Continuing the Crook County News Since 1884
JACKSON — Food, garbage and vomit were scattered around a dispersed Darby Canyon campsite early June 14 when state wildlife officials arrived to respond to a report of a pre-dawn mountain lion attack.
The supposed cat struck through a tent, raking a sleeping man in the back.
But at the scene, Wyoming Game and Fish Department staffers Mike Boyce and Becca Lyon saw no sign of a cat. They did see ursine spoor, and 50 yards off the campsite found a decomposed deer carcass that had been fed on by a black bear just the night before.
“Clearly a bear had been feeding on it recently,” Game and Fish spokesman Mark Gocke said, “so we decided to set a trap.”
Interviewing the 20-something campers who had been awakened, carnivore managers came to the conclusion that the attack wasn’t necessarily predatory in nature.
“We think that it was a pretty food-conditioned bear and it was probably testing the tent to see if there was food in it,” Gocke said. “Then it feels a guy, the guy gets startled, the bear gets startled and the guy gets scratched.”
The opportunistic animal was gentle enough in its exploration of the slumbering human that it didn’t tear through the tent or the man’s clothing. Nevertheless, its claws broke skin, causing a minor injury.
The bear’s interest in the scene was easily explained.
“Frankly, it was a pretty messy campsite,” Gocke said.
Photos shared by the Caribou-Targhee National Forest show vomit, bags and burnt cans of Bud Light.
There were indications that the bear was already habituated: candy wrappers littered its feces, Gocke said. Lyon’s dog growled at the scene, suggesting the bruin was lingering nearby, evidently undeterred by all the commotion.
On the night of June 14, the trap didn’t do the trick.
But during the daytime June 15, the baited culvert trap held a young female black bear — an animal with a notably blonde-colored coat that may explain the campers’ confused contention of having seen a lion.
Weighing the circumstances, the carnivore crew made the call to kill the bruin.
“It was pretty bold,” Gocke said. “Clearly it was a human safety threat, and it did injure a person, too. Whether it meant to or not, it did, so it just didn’t seem like a bear that we should relocate.”
West of the Tetons on the Caribou-Targhee, it is illegal to leave food and garbage scattered around a campsite at night. The national forest, not Game and Fish, enforces the food-storage order, which applies to parts of the Teton Basin, Ashton/Island Park and Dubois ranger districts, and was put in place to prevent conflicts with grizzly bears.
“All food and refuse must be acceptably stored during nighttime hours,” the order reads, “unless it is being prepared for eating, being eaten, being transported, or being prepared for acceptable storage.”

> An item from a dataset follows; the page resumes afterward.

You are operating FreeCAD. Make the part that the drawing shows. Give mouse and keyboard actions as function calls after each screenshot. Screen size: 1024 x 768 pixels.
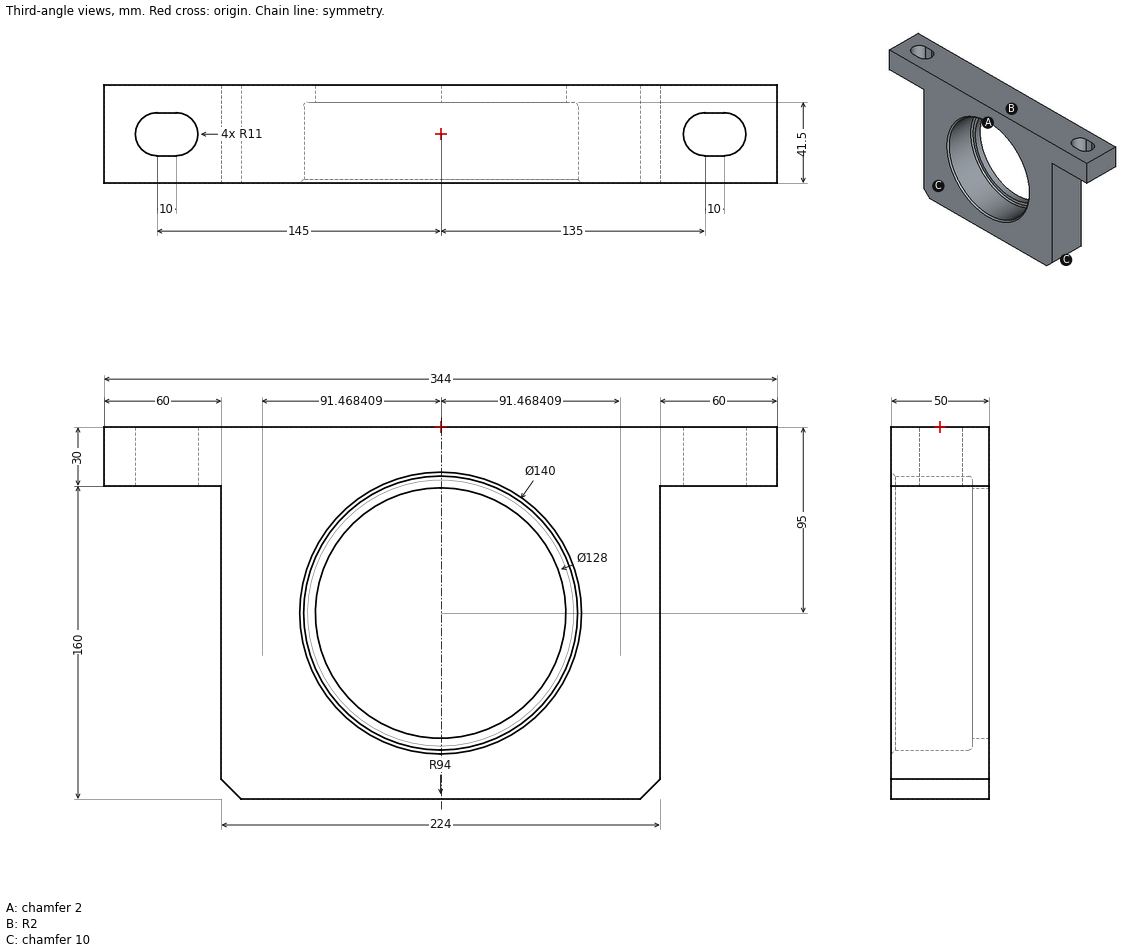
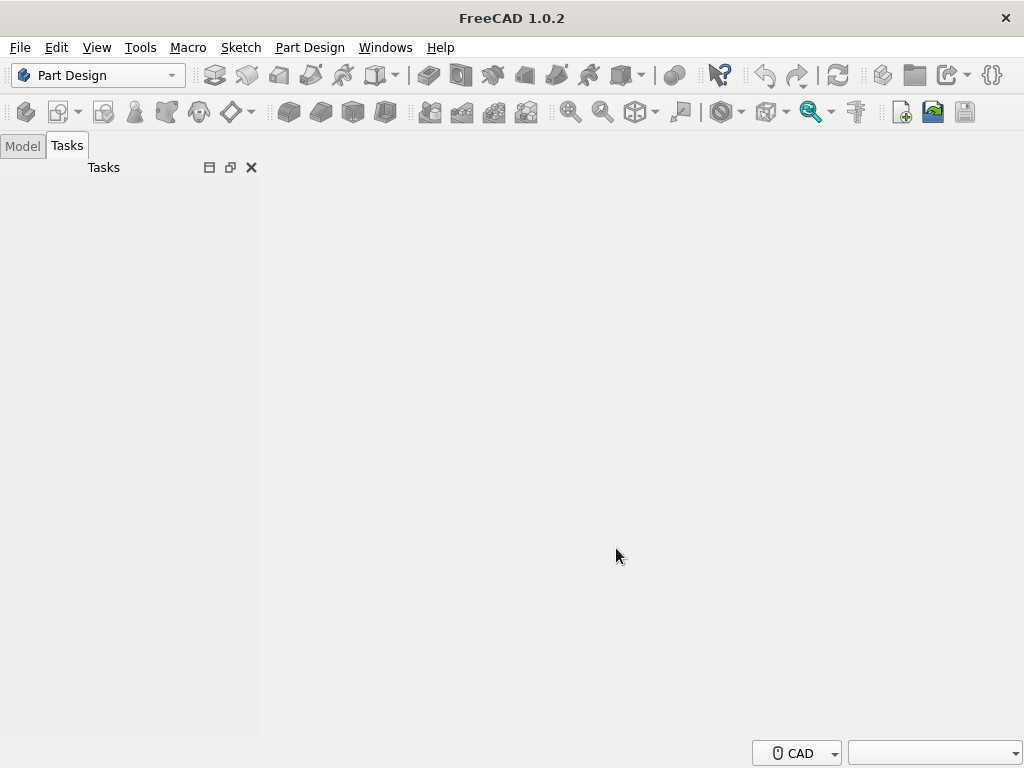
key(ctrl+n)
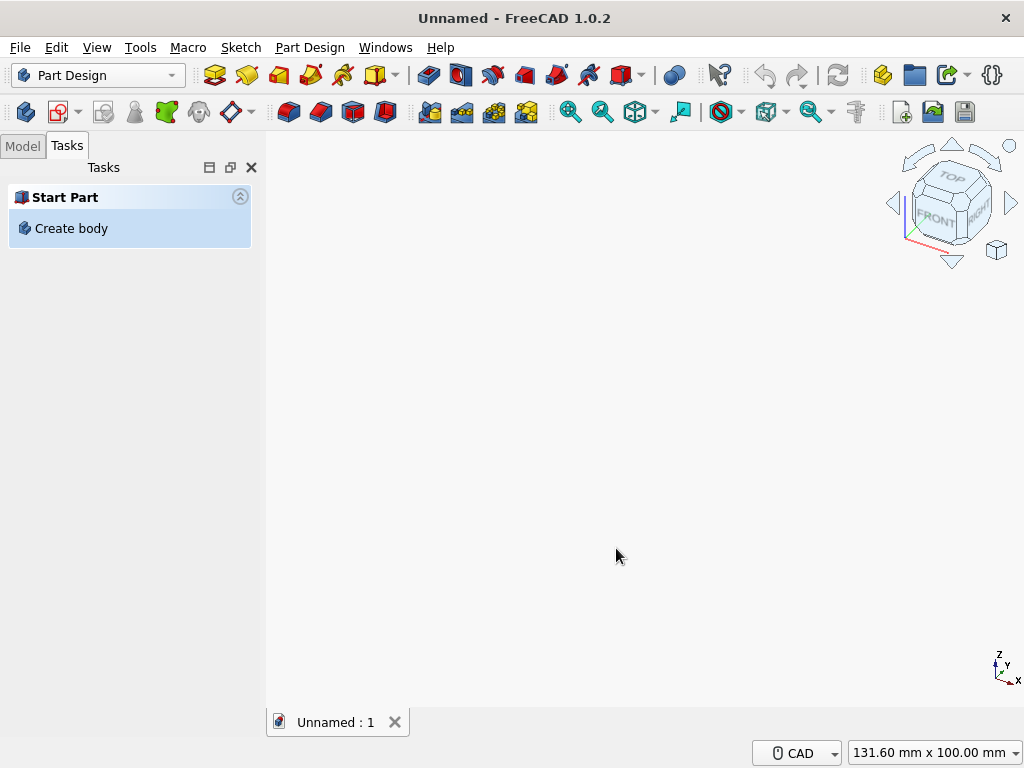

Teton Basin District Ranger Jay Pence is taking steps to enforce the law.
“I did an incident report and turned it over to law enforcement,” Pence told the Jackson Hole Daily.
There are multiple possible citations coming, he said, including for littering and violating the food storage order.
Pence declined to name names in the party, but said they’re local Wydahoans.
“They were people who should know better, definitely,” he said.
West slope Teton campers could apparently use the reminder. While making the rounds Thursday after speaking with the Jackson Hole Daily, Pence came upon a vacant campsite up Teton Canyon. People were nowhere to be seen, but a campfire still smoldered and out in plain sight atop a cooler were some Peter Pan peanut butter, white bread and an unclipped bag of sour cream and onion Lays potato chips.